In western Florida and through the central portion of the Peninsula materials of a different character were laid down. These were composed mostly of sand, gravel and clay; the latter including the high-grade, white-burning, sedimentary kaolin deposits, these being of particular economic value. These were evidently accumulated as river, beach or perhaps delta deposits. During this period, too, the mammalian life was more abundant and widespread, many remains having been recovered in the process of mining both the hard rock phosphates of west-central Florida and the land pebble phosphates of southern Florida. These include various species of horse, the heavy-bodied rhinoceros as well as a type of rhinoceros more like the recent form, a beardog animal, peccary, camel, and mastodon. Of the latter special mention should be made of the early serrate-toothed, four-tusked type, having tusks in the lower as well as the upper jaws.
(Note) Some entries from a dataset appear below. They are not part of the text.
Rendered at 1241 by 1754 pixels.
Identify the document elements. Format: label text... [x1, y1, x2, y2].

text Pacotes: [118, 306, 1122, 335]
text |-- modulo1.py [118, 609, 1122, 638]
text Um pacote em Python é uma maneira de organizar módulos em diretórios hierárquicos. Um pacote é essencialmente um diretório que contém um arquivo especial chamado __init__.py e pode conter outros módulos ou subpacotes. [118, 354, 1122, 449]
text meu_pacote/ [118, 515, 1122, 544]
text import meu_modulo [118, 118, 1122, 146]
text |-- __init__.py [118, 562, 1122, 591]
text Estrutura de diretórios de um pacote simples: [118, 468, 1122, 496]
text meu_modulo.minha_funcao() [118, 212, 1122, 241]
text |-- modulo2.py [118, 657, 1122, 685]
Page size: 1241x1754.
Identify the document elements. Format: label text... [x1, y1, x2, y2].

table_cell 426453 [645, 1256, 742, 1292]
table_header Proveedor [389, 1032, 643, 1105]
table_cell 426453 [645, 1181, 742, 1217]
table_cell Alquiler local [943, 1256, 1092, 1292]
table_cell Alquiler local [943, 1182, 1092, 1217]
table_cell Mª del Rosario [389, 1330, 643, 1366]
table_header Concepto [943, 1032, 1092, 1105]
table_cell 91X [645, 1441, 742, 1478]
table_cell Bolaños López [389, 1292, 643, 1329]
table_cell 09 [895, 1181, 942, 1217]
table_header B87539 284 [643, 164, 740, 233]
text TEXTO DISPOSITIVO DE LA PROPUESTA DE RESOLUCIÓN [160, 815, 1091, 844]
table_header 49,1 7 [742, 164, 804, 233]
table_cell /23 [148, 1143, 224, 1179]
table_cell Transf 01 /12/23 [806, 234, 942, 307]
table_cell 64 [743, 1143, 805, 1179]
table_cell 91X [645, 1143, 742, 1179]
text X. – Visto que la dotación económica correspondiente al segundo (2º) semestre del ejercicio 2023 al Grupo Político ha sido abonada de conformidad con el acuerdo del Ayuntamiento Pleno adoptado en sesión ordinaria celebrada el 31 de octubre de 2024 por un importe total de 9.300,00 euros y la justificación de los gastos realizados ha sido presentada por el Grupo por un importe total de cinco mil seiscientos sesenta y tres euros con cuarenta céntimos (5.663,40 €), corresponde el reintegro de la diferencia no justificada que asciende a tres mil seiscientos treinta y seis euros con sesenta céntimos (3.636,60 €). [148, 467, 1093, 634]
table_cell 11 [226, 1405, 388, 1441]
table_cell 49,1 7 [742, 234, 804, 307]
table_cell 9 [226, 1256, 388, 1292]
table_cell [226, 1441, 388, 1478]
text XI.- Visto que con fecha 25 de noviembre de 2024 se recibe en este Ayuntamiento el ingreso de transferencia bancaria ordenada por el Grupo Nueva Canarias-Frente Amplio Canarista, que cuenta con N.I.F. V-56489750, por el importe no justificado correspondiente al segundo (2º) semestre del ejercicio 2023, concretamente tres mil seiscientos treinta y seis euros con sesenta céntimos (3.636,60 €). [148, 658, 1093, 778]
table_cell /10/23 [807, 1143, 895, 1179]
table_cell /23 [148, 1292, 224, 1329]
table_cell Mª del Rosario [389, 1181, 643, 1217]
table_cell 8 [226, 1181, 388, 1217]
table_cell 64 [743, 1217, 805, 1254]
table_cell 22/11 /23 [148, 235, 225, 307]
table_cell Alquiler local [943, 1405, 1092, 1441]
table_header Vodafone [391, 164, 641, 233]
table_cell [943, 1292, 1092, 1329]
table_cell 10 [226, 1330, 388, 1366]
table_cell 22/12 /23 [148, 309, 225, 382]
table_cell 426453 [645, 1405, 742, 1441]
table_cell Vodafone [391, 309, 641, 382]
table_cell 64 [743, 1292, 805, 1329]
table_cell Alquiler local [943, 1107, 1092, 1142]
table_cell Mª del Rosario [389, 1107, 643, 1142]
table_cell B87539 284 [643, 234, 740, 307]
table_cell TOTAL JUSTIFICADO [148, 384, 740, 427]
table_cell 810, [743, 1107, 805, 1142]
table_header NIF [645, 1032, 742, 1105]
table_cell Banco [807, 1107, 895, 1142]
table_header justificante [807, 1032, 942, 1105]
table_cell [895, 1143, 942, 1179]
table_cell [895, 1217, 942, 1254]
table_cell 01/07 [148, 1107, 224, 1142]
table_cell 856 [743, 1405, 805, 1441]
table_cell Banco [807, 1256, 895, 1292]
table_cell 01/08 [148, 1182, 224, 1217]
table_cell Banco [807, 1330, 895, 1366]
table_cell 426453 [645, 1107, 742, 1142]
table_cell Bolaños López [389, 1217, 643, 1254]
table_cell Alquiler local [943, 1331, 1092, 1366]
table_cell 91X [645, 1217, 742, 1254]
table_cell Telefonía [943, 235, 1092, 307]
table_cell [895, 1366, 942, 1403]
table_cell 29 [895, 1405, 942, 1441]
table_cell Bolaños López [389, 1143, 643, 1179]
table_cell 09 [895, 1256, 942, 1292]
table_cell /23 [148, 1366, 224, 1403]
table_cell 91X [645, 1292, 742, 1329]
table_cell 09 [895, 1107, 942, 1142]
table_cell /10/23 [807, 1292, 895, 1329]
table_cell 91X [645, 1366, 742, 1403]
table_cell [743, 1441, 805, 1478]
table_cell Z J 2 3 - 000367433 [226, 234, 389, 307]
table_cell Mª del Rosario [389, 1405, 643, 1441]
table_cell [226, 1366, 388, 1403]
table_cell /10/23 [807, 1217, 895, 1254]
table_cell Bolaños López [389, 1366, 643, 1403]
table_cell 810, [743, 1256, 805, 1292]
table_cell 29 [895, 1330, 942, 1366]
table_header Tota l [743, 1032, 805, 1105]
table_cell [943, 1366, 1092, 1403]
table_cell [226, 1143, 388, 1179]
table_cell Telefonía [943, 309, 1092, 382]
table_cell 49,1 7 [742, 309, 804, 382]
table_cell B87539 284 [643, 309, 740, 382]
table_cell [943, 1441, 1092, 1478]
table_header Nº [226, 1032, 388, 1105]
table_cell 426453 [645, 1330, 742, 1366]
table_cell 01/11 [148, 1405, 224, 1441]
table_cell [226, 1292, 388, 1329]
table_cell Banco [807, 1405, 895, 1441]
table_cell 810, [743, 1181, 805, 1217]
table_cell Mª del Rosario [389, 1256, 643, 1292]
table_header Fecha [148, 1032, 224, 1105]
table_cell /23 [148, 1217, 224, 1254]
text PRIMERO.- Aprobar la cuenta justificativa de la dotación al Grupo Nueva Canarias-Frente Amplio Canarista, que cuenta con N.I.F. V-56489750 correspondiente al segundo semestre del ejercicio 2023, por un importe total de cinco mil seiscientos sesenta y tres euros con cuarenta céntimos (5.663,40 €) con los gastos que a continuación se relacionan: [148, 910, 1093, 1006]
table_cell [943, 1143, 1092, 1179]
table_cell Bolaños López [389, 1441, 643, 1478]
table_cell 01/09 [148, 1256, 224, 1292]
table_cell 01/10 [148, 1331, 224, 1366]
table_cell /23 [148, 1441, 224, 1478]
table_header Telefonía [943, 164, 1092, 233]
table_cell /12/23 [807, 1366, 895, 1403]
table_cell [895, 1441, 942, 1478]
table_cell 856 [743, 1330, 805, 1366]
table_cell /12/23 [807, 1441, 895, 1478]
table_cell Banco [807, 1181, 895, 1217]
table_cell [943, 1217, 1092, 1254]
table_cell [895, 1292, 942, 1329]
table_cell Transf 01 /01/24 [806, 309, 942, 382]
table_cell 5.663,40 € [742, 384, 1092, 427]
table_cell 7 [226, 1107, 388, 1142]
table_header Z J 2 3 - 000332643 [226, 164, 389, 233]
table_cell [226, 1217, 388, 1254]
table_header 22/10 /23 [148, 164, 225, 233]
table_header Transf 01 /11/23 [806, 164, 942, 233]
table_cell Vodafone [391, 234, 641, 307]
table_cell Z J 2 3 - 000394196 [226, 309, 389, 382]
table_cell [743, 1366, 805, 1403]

The mastodons are old world migrants doubtless reaching America from Asia. During the Pliocene they were evidently well established in Florida as shown by the remains so far recovered. With the ushering in of the Pleistocene, or the last geological period, when different ice sheets covered approximately the northern one-half of North America, Florida was in large part covered by a shallow sea in which, during minor oscillations, were laid down sand, shell marls, limestones and swamp deposits, which are encountered today along the East Coast, throughout the Everglades and southern Florida, with lesser areas in other sections. It was in this period, too, that the Keys, or coral reefs, off the southern tip of Florida, were being built up and the white oolitic limestone, used so extensively in construction work of all kinds along the lower East Coast in the vicinity of Miami, was also being deposited.